In the section on the advantages of seeing such experiences as mental illness, Laura Lee, one of the contributors to the report, is quoted as saying, "If the concept of illness was extended from biology to include our emotional/spiritual/thinking and meaning-making faculties we would have a holistic approach which would offer more" (p. 25). I agree with Laura (although may not make as much of the spiritual reference). I think the rest of the report could have been clearer on this point. There's nothing intrinsically wrong with using the term 'mental illness'. Although the terms illness and disease are used interchangeably, there are specific meanings. To quote from Eric Cassell in The Healer's Art, "Disease is something an organ has; illness is something a ... [person] has". The error is to think mental illness is a brain disease.

Sunday, November 23, 2014

Psychiatric orthodoxy

I've just taken the Amen Clinic ADD type questionnaire. I didn't know that Daniel Amen had suggested there are 7 types of ADD: classic, inattentive, overfocused, temporal lobe, limbic, ring of fire and anxious; and that this matters for treatment. For today's special price of $77, I could have started healing my ADD, but I decided not to go ahead, despite the marketed attractive benefits of "improving attention and focus, boosting positive behaviour, and reclaiming my mental edge".

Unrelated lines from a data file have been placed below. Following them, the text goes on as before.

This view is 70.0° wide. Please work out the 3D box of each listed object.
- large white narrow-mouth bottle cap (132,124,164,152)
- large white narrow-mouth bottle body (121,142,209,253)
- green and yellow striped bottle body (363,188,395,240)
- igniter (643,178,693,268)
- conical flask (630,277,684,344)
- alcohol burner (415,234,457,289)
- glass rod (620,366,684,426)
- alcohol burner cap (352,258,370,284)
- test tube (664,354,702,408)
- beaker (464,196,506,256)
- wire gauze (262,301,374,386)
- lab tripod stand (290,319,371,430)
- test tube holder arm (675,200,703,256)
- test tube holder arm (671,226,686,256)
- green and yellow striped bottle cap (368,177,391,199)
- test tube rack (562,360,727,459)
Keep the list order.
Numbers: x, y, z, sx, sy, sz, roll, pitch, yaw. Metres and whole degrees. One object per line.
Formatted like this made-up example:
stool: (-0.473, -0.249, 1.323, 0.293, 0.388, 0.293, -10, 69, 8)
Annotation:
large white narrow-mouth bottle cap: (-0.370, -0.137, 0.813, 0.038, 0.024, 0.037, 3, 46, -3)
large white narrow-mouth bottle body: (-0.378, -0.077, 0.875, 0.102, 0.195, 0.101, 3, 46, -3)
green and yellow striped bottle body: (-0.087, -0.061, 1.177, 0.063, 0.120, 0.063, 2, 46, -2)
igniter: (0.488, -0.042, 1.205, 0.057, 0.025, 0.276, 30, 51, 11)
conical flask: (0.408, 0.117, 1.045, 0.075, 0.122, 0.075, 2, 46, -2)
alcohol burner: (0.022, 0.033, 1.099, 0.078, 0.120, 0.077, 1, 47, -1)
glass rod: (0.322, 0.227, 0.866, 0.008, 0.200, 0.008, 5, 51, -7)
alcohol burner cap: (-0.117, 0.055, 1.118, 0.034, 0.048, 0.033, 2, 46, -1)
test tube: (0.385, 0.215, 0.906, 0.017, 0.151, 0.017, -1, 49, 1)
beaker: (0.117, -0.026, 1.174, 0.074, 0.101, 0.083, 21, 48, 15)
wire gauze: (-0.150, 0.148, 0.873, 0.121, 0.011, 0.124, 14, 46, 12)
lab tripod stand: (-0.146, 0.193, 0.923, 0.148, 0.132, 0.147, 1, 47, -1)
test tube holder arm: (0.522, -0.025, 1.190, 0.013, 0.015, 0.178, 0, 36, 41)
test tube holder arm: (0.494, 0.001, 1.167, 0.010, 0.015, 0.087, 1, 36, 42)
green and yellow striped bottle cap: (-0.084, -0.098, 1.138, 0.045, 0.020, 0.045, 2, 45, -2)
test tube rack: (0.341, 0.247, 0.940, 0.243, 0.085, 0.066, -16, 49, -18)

A Washington Post article called Daniel Amen the most popular psychiatrist in America. I doubt whether Amen likes critical psychiatry, which doesn't have that much of a following. I'm obviously not making enough outlandish claims (eg. see previous post). Amen recommends a SPECT brain scan as part of psychiatric assessment, when it isn't indicated. As the Washington Post article says, Amen's "claims are no more than myth and poppycock, buffaloing an unsuspecting public". In a Telegraph interview, he defends himself by saying, "If I'm defrauding them [patients] how would I stay in business for decades ... ?". The answer is that regulation of his practice is poor. As the Washington Post article, again, says "the man has grown fabulously wealthy — he lives in a $4.8 million mansion overlooking the Pacific Ocean — by selling patients a high-priced service that has little scientific validity, yet no regulatory body has made a move to stop him".

Gina Pera, who recently called Peter Kinderman a 'nincompoop' (see his Mad in America blog post), was influenced by Amen. I've said before (see previous post) that Peter can express the essence of critical psychiatry better than me, although I don't totally agree with his views. To take a quote from his Scientific American blog:-
It’s all too easy to assume that mental health problems — especially the more severe ones that attract diagnoses like bipolar disorder or schizophrenia — must be mystery biological illnesses, random and essentially unconnected to a person’s life. But when we start asking questions about this traditional disease-model way of thinking, those assumptions start to crumble.
Amen and Pera may have taken the biomedical assumption to extreme, but it's still the same biomedical assumption. Trouble is that Peter and I are more likely to be seen as unorthodox than them.